The ominous message is that for every familiar plight like that of the Great Barrier Reef, there are other ecologies fading out of sight and out of mind.

For example, in the summer heatwave of 2010-11, Western Australia’s world heritage-listed Shark Bay lost a third of its seagrass meadows. The seagrass is among the most abundant and diverse in the world, and supports a complex food-web helmed by tiger sharks, manta rays and the dolphins. The area protects about a tenth of the world’s dugongs, which only eat seagrass. About 350 kilometres north at Ningaloo Reef, known for whale sharks, climate change “pulses” include rapid rises in sea surface temperature and cyclonic weather.

The pressures have grown more severe, widespread and frequent. Nine ecosystems recently absorbed their most extreme presses or pulses on record, by severity or spatial scale. The 2019-20 marine heatwave on Australia’s west coast accompanied an unprecedented, continent-wide land heatwave. December 18, 2019, was the hottest recorded Australian day, at an average 41.88° C.

The heat prompted the highest average Forest Fire Danger Index on record. Severe drought exacerbated the conditions, leading to fires across an unprecedented 18.6 million hectares, mainly in eastern temperate forests. The Gospers Mountain fire, Australia’s largest recorded single forest fire, burned 81 per cent of the Blue Mountains World Heritage Area.

The Black Summer scorched and choked Australian tropical savanna, Murray-Darling Basin waterways, Montane and subalpine forests, Mediterranean forests and woodlands, Snow patch herbfields and Mountain ash forest ecosystems. Even apart from the estimated three billion animals killed that summer, Australia’s fauna is vanishing from many of the 19 studied biomes. In December 2018 about 23,000 spectacled flying foxes, a third of the national population, died from the heat outside of Cairns, Far North Queensland. A fortnight later, more than a million fish also died in the drought-hit Darling River near Menindee in outback NSW. Such scenes would be biblical, if they weren’t explained by presses, pulses and science.

Picture of healthy yellow kelp growing under water in Eastern Tasmania.
Healthy kelp off eastern Tasmania. Image by Olivia Johnson ©  Olivia Johnson

Recognising the beauty and value in nature

Dr Justine Shaw is a conservation ecologist with the University of Queensland, and a co-author and instigator of the collaborative study. She is also a frequent visitor to Macquarie Island, halfway between New Zealand and Antarctica.
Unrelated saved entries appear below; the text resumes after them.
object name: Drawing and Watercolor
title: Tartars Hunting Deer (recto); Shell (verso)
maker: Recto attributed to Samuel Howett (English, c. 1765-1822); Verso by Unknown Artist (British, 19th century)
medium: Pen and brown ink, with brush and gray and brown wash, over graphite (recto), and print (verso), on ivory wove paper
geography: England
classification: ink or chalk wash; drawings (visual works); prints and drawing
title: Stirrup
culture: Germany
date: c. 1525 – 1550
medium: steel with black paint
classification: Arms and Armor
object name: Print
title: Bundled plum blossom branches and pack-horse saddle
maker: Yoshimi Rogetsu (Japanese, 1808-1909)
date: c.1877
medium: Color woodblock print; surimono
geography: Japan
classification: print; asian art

It is a place where few go, a place that is heard and smelled before it emerges from the mist, a 35-by-five kilometre green island heaving with penguins and seals. It is also home to every Macquarie cushion plant on Earth.

Even here, life is collapsing. The cushion plant has gone from healthy to critically endangered in three years. Thirty per cent of it is gone. The endemic cushions, some centuries old, are dying because of windier, drier conditions.

“If we can’t protect our world heritage wilderness areas, if we’re seeing impact in Antarctica, we’re kind of in dire straits,” Dr Shaw says.

“Because they’re really simple ecosystems; the cushion plant is the keystone of this sub-Antarctic tundra. It’s really easy to see what happens when you lose that species from that ecosystem without other confounding effects. There is no bushfire or agriculture or pollution, so we can clearly determine how species interact and it’s very clear what happens when they start to decline.”

People are acting now

If the scenarios are bleak, the study cites successful responses to recent disasters. In early 2016, dry lightning strikes in hot conditions ignited pockets of Tasmania’s ancient Gondwanan ecosystems. Five years on, the Tasmanian government has installed sprinklers and retardants in the forests themselves.

“We need people to be able to understand and acknowledge the value of these ecosystems. Often we don’t realise that until it’s gone. We do understand the value of the seagrass, the kelp forests,” Dr Shaw says.

“And we need to anticipate the threats that are coming.”